- She doesn't think I should try out for American Idol after hearing me sing to my IPOD! (I was crushed!)
- She is not afraid to tell my husband she has to pee even when he has told us a million times he is not stopping every hour! (We really just wanted to see how many times we could get him to stop. So we had several "Fake Pee" breaks.)
- She has no fear of inner city urban neighborhoods! (Just like me and completely unlike Wally!)
- She will squeeze her arm into any crevice in the car that my kids ask her to, to get something they have dropped. Seriously!
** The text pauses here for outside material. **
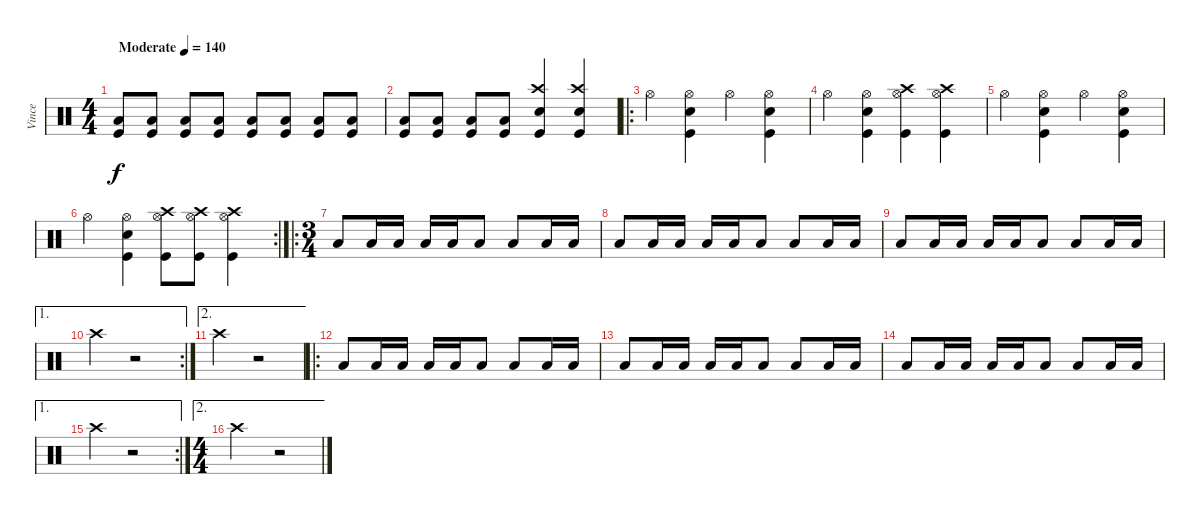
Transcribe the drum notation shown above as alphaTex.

Even if it means her arm will be stuck for many many miles (because Wally won't stop to help, as mentioned above).
- Since she got her new stylish, groovy hairdo, a family of 4 can get ready faster than she can!
- She will actually try seafood if someone else orders it for her and tells her it's okra.
- She convinced everyone that being 37 and single is "NOT" an alternative lifestyle!
- She is not afraid to float out in the Gulf of Mexico even when her BFF is yelling, "Julie! Julie! You are really far out there! Don't you watch shark week? And I don't even want to tell you what happened to Alex Kitner on Jaws!" She just laughs and floats out farther and farther into the deep blue sea.
- She is not afraid to spend oodles of money to purchase any and all available bathing suits on the open market! (That was fun!)
- She started off the vacation like an Olympic Triathlete, but after a week with my family... she collapsed and almost died like Aunt Edna on National Lampoon's Family Vacation! We seriously thought we were gonna have to strap her to the top of the car with her cell phone ducked taped to her body on the way home. It was touch and go people!!!!
Actually, I learned a lot more! But honestly, I had a great time with you BFF and I am really glad we didn't kill you on our vacation. Not everyone gets to spend a full week with the family and friends they love so dearly and I feel extremely lucky that you were willing to spend that time with us! It was a trip I will never forget. Thanks pal!
1 comment:
Hey thanks for letting the old single friend tag along on your family vacation... I learned a lot too, like don't eat frog legs that look just like a person's butt and legs...they don't taste like chicken! You're right, though, most people don't get a lot of chances to spend a week on the beach with their best pal, so I'm really glad you put up with my pee stops, throwing up, snoring on the balcony, and getting my appendages stuck in places...we single people are high maintenance! And now that I watched Jaws I, II, and part of III this week, number 8 on your list really hits home! You know a school of fish swam around me out there...they were probably running from a great white! Thanks for the list pal and for the vacay! Wish I was back on that beach right now!